* **TASK TO CARRY OUT**:
A word-for-word copy of the line containing "4. Determine the" and every following line to the end of the data below is all the answer should hold.

---------- GIVEN DATA

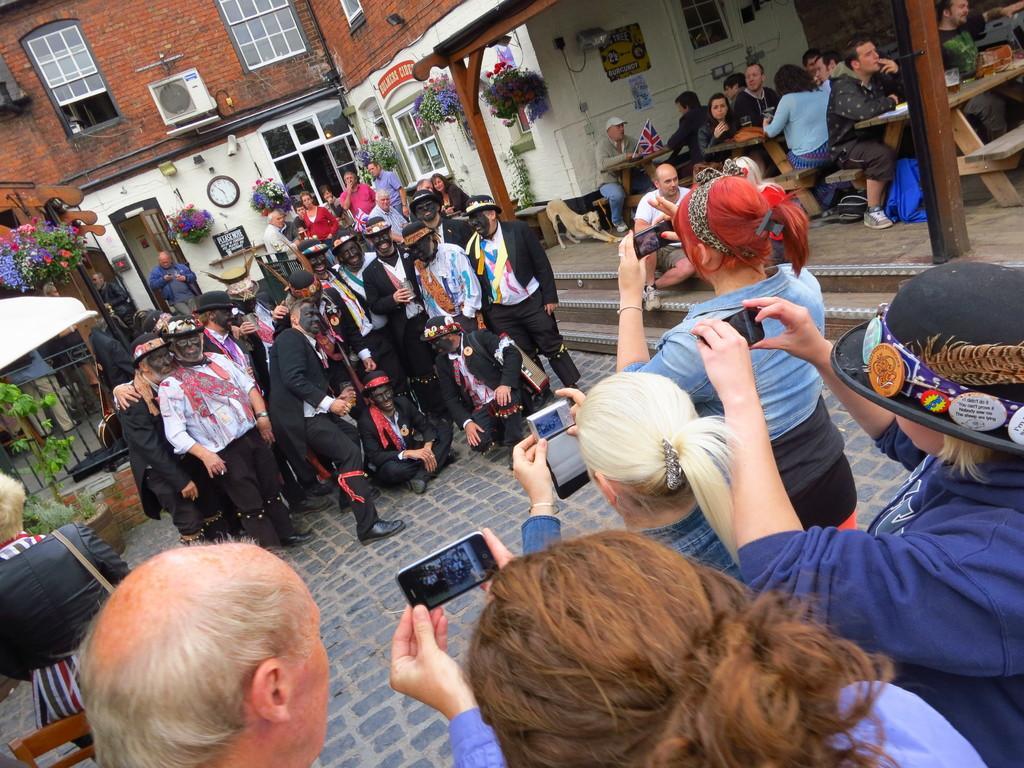How would you summarize this image in a sentence or two? Here in this picture, in the front we can see a group of people standing on the ground and clicking pictures with mobile phones in their hands and in front of them we can see number of people standing and sitting with some costumes and paint on their face and behind them also we can see other people standing and beside them we can see number of people sitting on benches with tables in front of them having food and we can see a building with windows and door on it and we can also see flower pots hanging over there and we can also see plants in the middle and we can see a clock in the middle. 
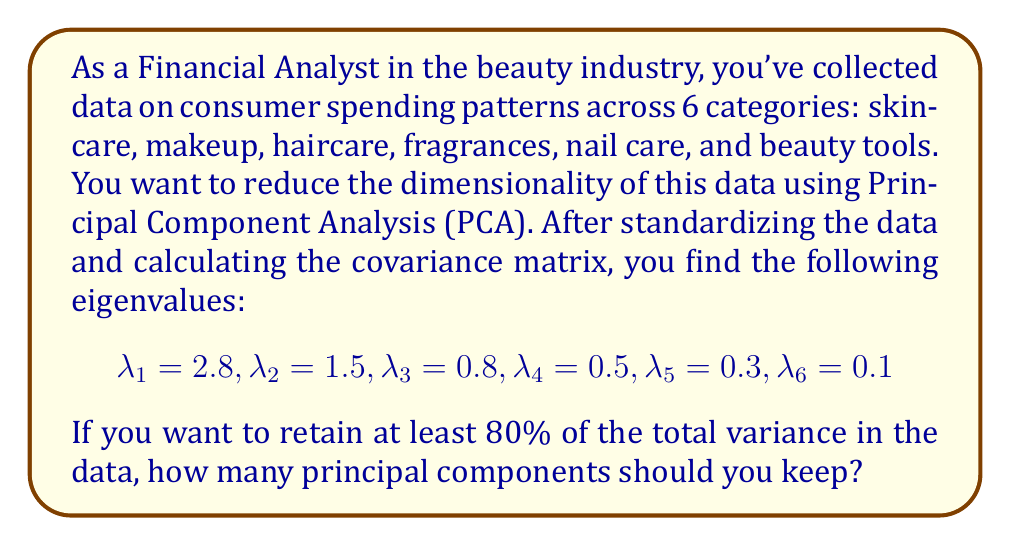Teach me how to tackle this problem. To determine the number of principal components to retain, we need to calculate the proportion of variance explained by each component and then find the cumulative proportion until we reach or exceed 80%. Here's the step-by-step process:

1. Calculate the total variance:
   $$\text{Total Variance} = \sum_{i=1}^6 \lambda_i = 2.8 + 1.5 + 0.8 + 0.5 + 0.3 + 0.1 = 6.0$$

2. Calculate the proportion of variance explained by each component:
   $$\text{Proportion}_i = \frac{\lambda_i}{\text{Total Variance}}$$

   For PC1: $\frac{2.8}{6.0} = 0.4667$ or 46.67%
   For PC2: $\frac{1.5}{6.0} = 0.2500$ or 25.00%
   For PC3: $\frac{0.8}{6.0} = 0.1333$ or 13.33%
   For PC4: $\frac{0.5}{6.0} = 0.0833$ or 8.33%
   For PC5: $\frac{0.3}{6.0} = 0.0500$ or 5.00%
   For PC6: $\frac{0.1}{6.0} = 0.0167$ or 1.67%

3. Calculate the cumulative proportion of variance:
   PC1: 46.67%
   PC1 + PC2: 46.67% + 25.00% = 71.67%
   PC1 + PC2 + PC3: 71.67% + 13.33% = 85.00%

4. Determine the number of components needed to reach at least 80%:
   We see that the first two components explain 71.67% of the variance, which is less than 80%.
   Adding the third component brings the total to 85.00%, which exceeds 80%.

Therefore, we need to retain 3 principal components to explain at least 80% of the total variance in the consumer spending patterns data.
Answer: 3 principal components

--------------------

* **RESULT**:
4. Determine the number of components needed to reach at least 80%:
   We see that the first two components explain 71.67% of the variance, which is less than 80%.
   Adding the third component brings the total to 85.00%, which exceeds 80%.

Therefore, we need to retain 3 principal components to explain at least 80% of the total variance in the consumer spending patterns data.
Answer: 3 principal components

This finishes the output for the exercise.